** Work order **
Report how many lines in the following entries contain "greater". Nothing else should be given.

** Material for this exercise **

-----

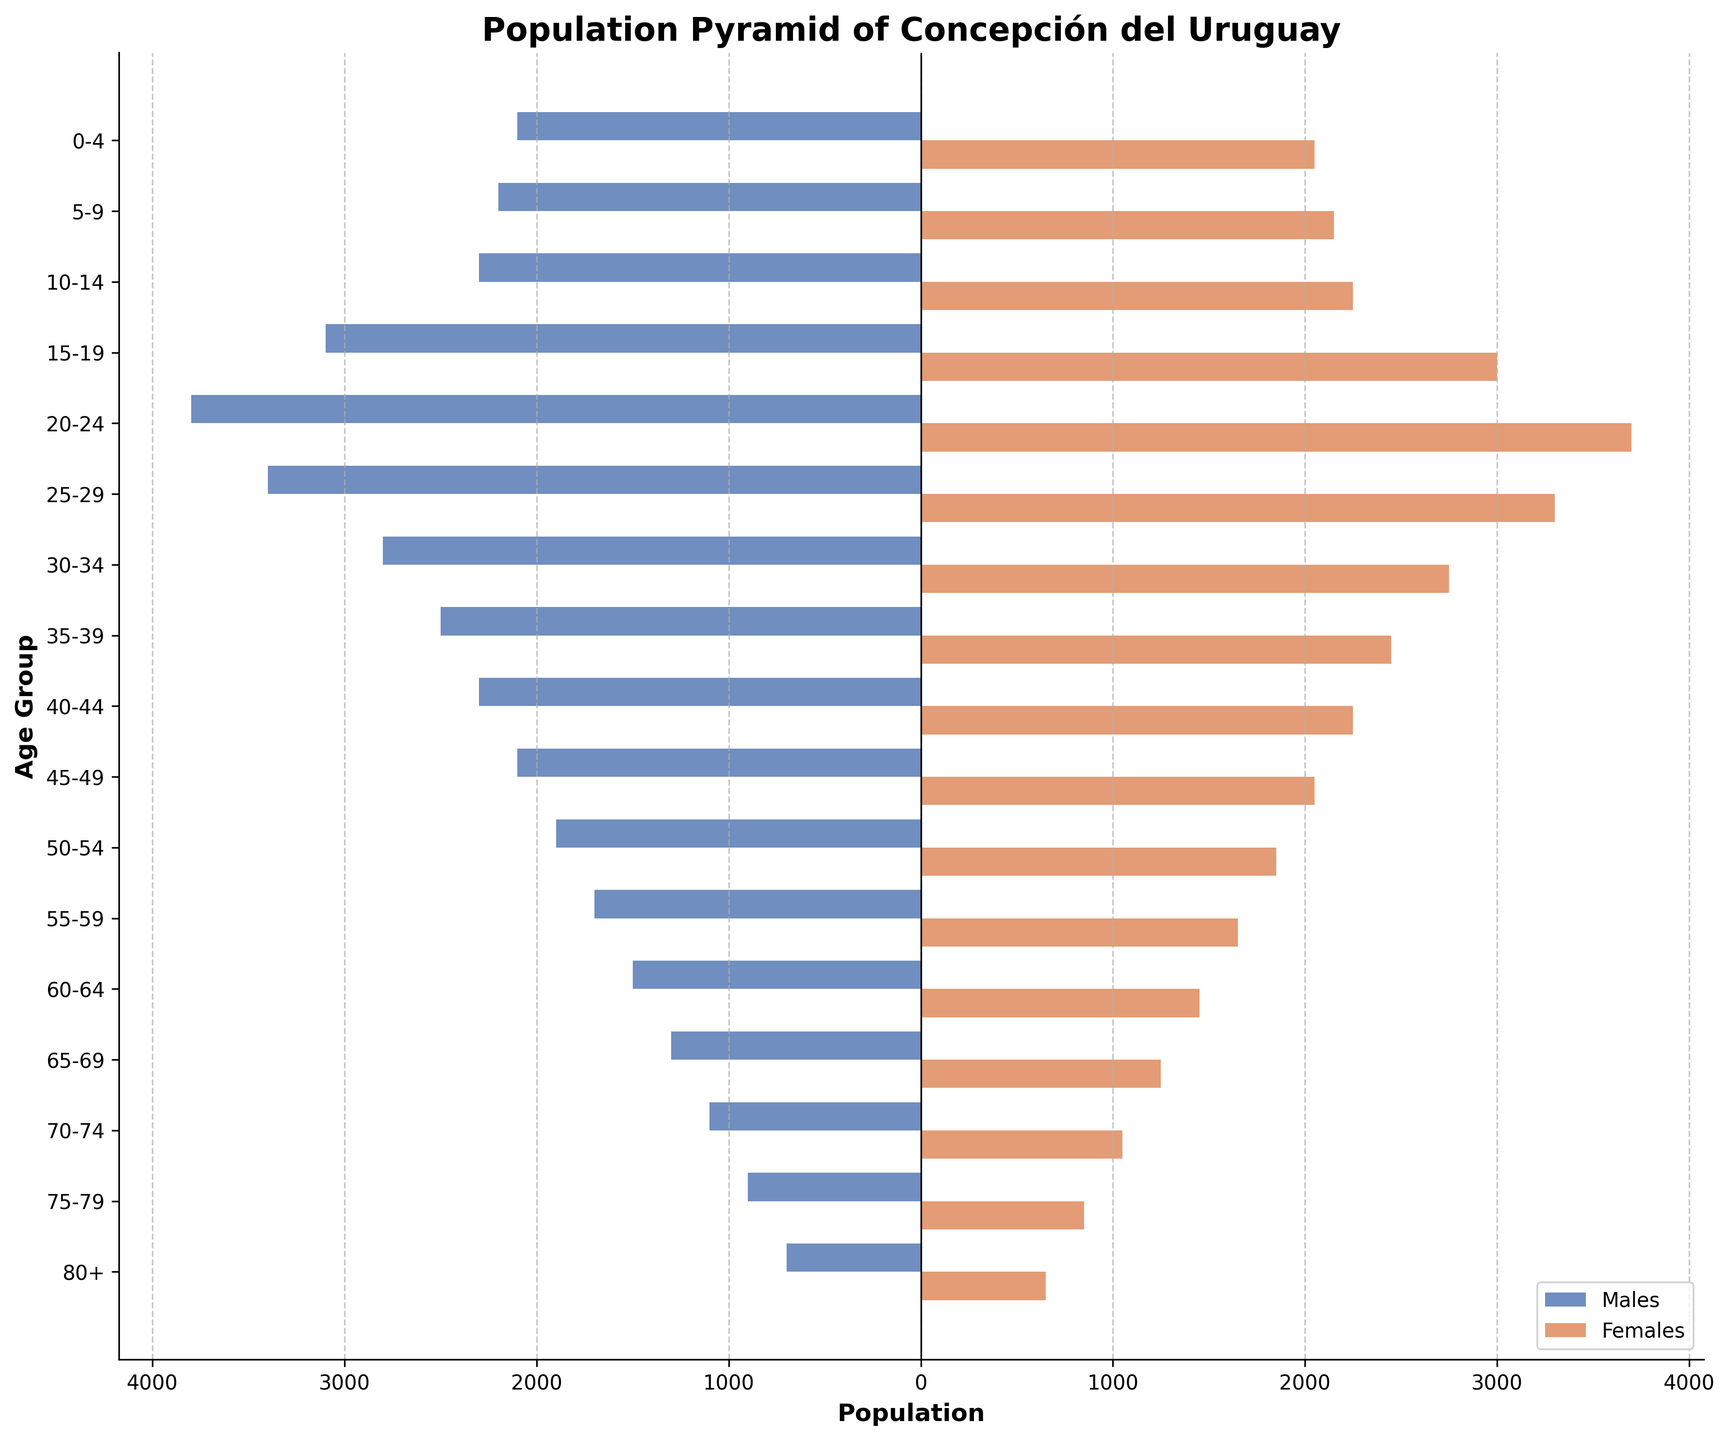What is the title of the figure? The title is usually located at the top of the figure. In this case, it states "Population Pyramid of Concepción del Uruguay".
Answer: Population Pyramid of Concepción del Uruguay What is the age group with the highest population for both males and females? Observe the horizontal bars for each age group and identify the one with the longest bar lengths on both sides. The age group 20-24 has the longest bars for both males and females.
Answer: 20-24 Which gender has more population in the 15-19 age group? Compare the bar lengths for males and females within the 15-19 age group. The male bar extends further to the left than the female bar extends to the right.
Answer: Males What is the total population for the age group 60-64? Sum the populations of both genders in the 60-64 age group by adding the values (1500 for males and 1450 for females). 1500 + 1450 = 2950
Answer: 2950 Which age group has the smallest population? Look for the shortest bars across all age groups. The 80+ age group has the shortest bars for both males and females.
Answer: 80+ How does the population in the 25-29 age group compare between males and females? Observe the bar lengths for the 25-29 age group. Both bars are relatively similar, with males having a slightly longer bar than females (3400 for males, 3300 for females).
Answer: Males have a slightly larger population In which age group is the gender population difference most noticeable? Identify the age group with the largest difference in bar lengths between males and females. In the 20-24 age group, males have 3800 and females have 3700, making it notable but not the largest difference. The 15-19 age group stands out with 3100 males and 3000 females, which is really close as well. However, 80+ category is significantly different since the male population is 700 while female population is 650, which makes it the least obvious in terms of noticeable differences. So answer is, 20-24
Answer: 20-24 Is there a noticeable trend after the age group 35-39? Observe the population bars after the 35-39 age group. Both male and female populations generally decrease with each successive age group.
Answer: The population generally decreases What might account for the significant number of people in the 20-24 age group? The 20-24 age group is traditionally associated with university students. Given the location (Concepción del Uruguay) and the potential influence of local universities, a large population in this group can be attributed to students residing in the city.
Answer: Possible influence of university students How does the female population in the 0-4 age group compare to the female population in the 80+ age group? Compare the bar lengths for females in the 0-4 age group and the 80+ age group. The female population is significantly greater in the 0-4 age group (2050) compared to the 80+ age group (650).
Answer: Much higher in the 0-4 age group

-----

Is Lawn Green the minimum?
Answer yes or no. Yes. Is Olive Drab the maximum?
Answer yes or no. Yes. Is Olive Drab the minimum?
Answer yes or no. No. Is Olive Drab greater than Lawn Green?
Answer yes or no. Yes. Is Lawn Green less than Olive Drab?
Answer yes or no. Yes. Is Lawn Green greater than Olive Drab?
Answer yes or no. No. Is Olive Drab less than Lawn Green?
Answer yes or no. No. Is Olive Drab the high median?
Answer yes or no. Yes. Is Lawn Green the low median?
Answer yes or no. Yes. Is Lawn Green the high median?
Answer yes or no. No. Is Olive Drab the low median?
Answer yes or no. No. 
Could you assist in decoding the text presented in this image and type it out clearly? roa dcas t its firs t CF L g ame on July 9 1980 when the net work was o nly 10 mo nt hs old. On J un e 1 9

-----

** Solution to the problem **
3